(Collection entries)

══════════════════════════════

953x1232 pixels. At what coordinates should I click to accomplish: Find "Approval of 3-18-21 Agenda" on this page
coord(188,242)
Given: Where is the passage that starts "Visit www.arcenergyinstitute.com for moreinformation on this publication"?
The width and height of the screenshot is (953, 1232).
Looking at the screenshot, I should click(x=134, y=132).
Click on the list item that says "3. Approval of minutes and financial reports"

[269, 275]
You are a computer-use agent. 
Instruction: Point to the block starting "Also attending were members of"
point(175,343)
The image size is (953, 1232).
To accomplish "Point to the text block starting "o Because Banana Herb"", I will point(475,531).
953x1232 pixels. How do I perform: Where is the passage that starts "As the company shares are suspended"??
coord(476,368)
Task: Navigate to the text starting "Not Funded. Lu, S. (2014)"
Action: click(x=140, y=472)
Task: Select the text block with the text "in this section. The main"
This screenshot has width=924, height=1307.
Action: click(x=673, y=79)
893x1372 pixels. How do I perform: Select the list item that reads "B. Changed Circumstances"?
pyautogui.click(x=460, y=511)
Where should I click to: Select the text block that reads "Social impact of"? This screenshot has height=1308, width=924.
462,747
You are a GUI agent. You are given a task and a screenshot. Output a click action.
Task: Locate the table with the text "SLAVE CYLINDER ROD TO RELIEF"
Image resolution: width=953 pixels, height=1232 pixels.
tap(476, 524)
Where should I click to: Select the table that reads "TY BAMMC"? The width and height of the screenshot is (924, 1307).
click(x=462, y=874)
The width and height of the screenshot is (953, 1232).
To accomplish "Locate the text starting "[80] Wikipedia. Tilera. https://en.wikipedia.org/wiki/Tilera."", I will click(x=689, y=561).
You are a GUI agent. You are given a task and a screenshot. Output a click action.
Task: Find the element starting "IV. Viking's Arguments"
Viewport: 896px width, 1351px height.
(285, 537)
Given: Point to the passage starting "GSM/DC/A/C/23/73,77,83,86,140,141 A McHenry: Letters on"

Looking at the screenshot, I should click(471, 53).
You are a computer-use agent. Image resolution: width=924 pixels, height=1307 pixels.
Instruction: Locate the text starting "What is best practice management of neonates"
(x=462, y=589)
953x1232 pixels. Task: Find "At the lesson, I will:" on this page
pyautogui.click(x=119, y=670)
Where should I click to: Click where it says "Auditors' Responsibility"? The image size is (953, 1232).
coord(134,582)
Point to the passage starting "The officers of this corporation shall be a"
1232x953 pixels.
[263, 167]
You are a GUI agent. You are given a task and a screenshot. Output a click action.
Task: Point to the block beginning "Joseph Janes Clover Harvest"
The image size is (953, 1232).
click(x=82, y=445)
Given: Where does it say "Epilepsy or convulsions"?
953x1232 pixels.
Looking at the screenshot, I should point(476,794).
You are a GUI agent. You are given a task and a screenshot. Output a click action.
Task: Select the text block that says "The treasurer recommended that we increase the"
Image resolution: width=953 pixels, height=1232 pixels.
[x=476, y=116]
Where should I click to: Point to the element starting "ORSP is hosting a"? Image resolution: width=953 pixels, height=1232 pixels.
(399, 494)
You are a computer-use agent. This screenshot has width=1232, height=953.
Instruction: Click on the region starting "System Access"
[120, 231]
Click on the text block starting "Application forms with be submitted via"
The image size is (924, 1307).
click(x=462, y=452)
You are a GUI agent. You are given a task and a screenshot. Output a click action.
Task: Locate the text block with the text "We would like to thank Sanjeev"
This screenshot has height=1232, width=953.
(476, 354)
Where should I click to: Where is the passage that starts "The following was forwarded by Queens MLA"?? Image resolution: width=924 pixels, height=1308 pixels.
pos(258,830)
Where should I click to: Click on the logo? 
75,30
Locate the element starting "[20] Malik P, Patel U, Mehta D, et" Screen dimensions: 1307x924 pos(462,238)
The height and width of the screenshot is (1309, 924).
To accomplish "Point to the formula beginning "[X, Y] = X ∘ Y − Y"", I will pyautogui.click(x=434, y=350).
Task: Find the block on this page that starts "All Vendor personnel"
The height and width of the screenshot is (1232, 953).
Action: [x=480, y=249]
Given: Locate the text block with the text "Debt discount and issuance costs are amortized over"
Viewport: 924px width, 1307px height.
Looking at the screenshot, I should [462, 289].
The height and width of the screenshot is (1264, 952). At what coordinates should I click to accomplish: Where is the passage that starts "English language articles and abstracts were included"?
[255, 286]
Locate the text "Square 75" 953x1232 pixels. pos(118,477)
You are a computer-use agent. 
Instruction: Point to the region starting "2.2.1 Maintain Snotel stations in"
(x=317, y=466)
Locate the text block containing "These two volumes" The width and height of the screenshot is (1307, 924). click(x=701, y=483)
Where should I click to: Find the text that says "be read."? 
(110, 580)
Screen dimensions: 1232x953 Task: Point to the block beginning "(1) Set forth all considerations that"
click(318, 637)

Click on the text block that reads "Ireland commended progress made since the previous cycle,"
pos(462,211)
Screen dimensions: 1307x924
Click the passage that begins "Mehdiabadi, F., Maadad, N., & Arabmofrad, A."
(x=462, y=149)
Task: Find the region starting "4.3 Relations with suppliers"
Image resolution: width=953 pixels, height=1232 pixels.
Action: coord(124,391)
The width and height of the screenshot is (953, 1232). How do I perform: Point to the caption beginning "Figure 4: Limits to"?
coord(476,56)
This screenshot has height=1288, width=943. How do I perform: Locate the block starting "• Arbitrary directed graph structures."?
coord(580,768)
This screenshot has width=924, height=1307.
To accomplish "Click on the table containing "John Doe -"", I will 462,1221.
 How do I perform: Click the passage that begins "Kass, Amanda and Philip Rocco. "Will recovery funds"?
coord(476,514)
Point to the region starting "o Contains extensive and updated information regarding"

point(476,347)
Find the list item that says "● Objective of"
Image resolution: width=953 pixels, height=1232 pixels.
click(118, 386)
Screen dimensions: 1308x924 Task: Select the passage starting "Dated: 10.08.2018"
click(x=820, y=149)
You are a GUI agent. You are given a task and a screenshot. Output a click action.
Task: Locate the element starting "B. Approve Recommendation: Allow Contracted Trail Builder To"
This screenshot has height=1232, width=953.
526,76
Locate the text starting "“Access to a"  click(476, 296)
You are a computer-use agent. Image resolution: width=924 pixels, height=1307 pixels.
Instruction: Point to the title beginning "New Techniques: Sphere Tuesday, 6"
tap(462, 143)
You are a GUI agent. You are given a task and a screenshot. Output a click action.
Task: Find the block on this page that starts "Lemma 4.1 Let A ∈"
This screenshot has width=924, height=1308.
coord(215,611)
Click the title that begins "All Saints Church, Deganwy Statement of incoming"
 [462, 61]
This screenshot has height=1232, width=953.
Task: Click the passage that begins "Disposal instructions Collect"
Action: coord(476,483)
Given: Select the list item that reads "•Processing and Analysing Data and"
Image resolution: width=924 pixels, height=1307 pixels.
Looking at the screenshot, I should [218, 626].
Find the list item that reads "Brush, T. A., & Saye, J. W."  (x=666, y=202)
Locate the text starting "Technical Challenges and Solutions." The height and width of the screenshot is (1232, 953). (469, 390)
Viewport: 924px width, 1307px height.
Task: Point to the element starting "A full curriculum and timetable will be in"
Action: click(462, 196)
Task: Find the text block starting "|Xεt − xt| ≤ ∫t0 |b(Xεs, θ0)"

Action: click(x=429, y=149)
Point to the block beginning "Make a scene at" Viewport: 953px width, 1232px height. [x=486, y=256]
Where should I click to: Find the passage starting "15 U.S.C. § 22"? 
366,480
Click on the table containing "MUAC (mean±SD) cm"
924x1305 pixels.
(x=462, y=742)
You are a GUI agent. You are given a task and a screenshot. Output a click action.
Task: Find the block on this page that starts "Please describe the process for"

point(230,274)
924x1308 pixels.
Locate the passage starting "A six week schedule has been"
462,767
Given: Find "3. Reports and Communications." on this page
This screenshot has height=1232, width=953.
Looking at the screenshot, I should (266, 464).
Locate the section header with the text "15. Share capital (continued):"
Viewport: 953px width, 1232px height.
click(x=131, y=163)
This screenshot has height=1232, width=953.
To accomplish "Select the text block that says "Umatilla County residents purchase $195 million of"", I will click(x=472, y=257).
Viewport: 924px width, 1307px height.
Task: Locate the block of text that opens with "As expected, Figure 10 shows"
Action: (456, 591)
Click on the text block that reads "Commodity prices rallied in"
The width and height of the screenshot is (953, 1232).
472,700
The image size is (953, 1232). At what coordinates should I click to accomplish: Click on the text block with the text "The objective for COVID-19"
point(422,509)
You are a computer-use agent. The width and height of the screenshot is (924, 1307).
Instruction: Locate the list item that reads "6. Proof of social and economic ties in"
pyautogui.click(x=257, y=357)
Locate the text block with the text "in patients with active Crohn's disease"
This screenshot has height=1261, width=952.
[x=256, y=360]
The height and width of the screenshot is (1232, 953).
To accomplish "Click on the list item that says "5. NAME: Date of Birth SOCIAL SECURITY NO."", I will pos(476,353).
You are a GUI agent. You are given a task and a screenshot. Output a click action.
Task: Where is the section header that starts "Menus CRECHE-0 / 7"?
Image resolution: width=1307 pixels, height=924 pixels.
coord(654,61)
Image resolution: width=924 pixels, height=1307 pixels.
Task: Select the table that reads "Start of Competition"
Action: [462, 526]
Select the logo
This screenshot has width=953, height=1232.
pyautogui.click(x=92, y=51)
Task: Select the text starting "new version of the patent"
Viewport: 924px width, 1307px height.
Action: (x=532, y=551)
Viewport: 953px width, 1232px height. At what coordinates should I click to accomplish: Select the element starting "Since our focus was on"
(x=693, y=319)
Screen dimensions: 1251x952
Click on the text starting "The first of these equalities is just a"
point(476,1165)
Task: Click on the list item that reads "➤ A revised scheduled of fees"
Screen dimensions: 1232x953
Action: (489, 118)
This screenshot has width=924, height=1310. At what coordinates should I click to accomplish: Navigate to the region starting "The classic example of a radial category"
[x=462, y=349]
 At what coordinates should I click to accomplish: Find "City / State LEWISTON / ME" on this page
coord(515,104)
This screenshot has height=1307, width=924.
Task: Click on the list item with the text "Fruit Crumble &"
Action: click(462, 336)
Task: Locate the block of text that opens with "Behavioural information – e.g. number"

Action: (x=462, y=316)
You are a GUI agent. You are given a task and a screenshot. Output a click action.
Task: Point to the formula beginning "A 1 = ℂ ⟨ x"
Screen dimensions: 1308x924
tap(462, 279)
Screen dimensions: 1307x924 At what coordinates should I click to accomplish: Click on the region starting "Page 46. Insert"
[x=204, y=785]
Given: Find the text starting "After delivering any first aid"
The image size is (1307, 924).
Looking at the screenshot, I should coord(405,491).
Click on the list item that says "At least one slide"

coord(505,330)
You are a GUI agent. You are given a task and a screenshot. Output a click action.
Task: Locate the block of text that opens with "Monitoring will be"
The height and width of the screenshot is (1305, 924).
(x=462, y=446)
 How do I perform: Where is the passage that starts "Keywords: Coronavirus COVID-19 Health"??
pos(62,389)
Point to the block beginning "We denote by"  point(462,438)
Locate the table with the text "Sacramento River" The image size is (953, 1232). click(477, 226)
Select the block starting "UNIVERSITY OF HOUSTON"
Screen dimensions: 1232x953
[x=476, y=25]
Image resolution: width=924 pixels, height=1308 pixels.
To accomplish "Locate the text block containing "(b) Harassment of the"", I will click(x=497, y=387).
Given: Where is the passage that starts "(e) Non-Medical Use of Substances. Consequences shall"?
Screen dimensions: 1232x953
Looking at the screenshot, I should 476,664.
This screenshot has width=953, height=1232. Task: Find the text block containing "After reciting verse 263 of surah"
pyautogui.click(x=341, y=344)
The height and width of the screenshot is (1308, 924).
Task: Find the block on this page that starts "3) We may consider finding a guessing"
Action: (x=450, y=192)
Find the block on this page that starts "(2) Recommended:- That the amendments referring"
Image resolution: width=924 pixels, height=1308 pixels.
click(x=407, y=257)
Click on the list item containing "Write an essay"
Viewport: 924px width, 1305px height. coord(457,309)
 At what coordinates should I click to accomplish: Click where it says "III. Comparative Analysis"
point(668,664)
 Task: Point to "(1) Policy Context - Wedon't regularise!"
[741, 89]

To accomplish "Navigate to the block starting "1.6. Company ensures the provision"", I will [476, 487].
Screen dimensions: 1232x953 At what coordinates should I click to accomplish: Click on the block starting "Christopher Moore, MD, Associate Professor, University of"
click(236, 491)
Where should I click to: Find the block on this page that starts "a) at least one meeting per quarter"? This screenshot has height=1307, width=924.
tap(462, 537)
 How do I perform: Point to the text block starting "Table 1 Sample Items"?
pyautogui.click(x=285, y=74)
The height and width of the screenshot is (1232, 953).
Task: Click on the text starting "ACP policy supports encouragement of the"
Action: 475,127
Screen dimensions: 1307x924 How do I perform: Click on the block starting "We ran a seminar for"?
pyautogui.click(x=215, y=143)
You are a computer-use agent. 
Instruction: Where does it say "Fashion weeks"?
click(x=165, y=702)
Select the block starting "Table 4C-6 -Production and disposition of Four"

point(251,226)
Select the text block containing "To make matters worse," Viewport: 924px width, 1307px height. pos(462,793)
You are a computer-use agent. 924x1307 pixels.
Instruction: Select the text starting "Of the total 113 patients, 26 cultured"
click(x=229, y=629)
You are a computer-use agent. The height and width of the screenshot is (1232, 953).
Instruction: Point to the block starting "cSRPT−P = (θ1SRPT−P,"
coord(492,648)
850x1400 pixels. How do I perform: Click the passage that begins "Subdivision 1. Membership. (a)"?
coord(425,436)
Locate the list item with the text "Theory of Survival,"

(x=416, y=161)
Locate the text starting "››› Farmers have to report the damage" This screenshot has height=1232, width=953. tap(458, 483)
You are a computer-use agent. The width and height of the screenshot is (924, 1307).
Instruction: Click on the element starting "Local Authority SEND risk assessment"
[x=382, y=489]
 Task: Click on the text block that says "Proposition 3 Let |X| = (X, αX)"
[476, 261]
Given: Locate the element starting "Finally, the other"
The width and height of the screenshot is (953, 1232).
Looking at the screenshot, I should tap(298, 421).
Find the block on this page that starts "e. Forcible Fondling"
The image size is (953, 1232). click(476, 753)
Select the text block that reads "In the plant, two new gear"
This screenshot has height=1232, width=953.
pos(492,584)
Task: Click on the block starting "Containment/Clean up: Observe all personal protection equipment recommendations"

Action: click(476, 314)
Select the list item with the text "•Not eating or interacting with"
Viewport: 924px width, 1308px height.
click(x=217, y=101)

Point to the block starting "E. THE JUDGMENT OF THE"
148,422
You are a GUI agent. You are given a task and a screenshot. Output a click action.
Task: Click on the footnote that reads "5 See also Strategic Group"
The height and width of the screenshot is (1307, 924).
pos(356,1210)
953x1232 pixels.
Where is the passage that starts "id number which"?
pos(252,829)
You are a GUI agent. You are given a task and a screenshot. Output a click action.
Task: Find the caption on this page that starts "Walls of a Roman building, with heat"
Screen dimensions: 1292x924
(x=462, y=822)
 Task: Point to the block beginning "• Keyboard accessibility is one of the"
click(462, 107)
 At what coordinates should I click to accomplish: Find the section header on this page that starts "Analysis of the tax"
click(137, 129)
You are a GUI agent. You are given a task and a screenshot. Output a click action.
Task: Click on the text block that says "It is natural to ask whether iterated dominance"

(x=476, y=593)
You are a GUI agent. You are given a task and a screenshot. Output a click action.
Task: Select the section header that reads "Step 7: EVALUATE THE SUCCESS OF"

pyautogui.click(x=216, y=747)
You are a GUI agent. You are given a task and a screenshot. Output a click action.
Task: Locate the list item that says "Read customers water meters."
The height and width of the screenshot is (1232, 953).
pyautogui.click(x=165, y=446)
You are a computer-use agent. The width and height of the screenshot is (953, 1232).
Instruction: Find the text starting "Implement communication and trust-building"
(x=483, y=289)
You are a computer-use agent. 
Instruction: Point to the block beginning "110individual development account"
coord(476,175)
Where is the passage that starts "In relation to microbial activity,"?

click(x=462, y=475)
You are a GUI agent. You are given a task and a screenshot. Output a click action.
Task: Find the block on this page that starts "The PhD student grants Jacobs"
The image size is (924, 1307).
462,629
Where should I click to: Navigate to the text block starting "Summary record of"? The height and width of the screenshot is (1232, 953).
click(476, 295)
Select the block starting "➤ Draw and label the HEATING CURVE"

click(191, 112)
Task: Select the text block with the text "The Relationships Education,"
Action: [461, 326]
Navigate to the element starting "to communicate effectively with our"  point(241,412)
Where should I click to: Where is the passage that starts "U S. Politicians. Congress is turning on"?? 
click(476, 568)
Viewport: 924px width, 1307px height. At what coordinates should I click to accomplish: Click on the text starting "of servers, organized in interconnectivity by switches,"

══════════════════════════════

(Exercise)
Count how many lines above include the word "formula" and answer with that figure only.

(Answer to this problem)
2